How to Fund Your Video Game Habit: 8 Important Tips

Video games are an accessible and ridiculously fun hobby, but there’s a small issue; if you want to stay up-to-date with the latest gaming systems, accessories, and games, you’ll need a decent amount of money. New consoles cost several hundred dollars, computer upgrades cost hundreds of dollars (or more), and most of the major titles that come out are $60 or more upon release.

If you’re serious about gaming and you want to indulge in your hobby, you’ll need a strategy to keep that hobby funded.  

Tips for Funding Your Video Game Habit

These tips can help you buy all the games, gear, and accessories you need to fuel your habit.

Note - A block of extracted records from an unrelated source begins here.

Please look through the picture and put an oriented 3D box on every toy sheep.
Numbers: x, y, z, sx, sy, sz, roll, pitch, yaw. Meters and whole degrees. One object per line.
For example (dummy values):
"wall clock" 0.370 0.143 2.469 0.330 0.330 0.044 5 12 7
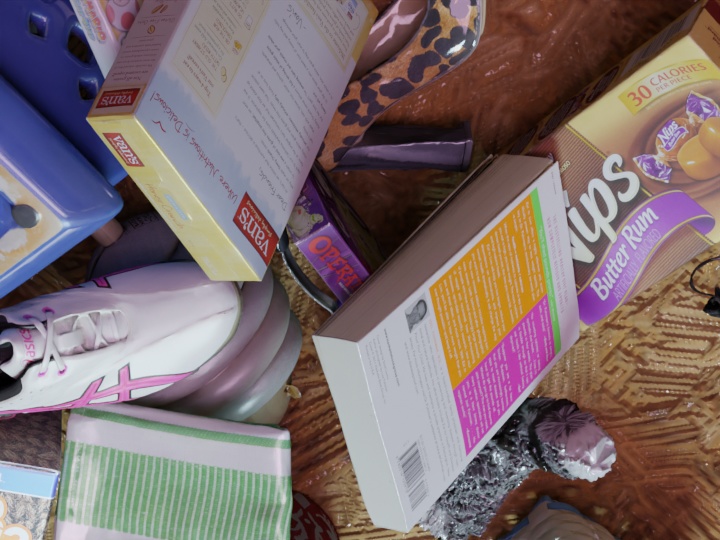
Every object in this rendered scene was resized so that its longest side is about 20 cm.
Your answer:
"toy sheep" -0.111 0.031 1.358 0.138 0.138 0.200 -35 123 9

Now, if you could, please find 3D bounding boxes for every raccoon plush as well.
"raccoon plush" 0.088 0.141 1.402 0.097 0.200 0.134 -32 122 -18

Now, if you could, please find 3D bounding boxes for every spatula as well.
"spatula" -0.038 -0.003 1.381 0.020 0.057 0.201 -12 121 21

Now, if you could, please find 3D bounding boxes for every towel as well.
"towel" -0.117 0.182 1.296 0.152 0.023 0.201 6 87 17

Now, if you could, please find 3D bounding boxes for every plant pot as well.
"plant pot" -0.227 -0.088 1.235 0.200 0.180 0.200 -32 114 32

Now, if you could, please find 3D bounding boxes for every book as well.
"book" 0.058 0.040 1.292 0.048 0.200 0.134 8 127 36

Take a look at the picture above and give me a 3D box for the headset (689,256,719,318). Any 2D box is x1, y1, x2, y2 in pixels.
"headset" 0.270 -0.058 1.381 0.123 0.094 0.201 26 97 -15

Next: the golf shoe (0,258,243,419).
"golf shoe" -0.163 0.046 1.261 0.199 0.092 0.073 -18 88 12

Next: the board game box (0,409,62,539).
"board game box" -0.253 0.166 1.383 0.096 0.160 0.201 11 112 -11

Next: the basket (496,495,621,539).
"basket" 0.154 0.257 1.442 0.176 0.200 0.139 35 105 -17

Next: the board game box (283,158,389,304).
"board game box" 0.000 0.000 1.328 0.032 0.120 0.200 -28 135 9

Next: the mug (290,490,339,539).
"mug" -0.058 0.211 1.402 0.133 0.200 0.178 -8 113 -2

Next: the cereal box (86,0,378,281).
"cereal box" -0.066 -0.114 1.217 0.039 0.201 0.144 1 143 33

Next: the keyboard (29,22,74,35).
"keyboard" -0.120 -0.166 1.340 0.199 0.011 0.057 3 118 -7

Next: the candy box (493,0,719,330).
"candy box" 0.171 -0.061 1.334 0.117 0.057 0.200 47 129 -9

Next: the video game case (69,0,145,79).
"video game case" -0.107 -0.209 1.227 0.023 0.200 0.183 -7 116 37

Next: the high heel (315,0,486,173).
"high heel" 0.001 -0.150 1.328 0.142 0.071 0.201 1 115 -4

1.       Make use of subscription services. First, consider taking advantage of a subscription service. Most consoles offer some kind of subscription service, where for a certain monthly or annual fee, you’ll get free games on a regular basis. For example, with PlayStation Plus, you’ll get access to two or more free games every month for PS4; if you purchase your subscription annually and look for discounts, you can usually get it for as low as $50 per year. This is a cost-effective way to try out new games and continuously build your library. Just be aware; in many cases, you’ll only get to keep the games for as long as you’re a paying subscriber.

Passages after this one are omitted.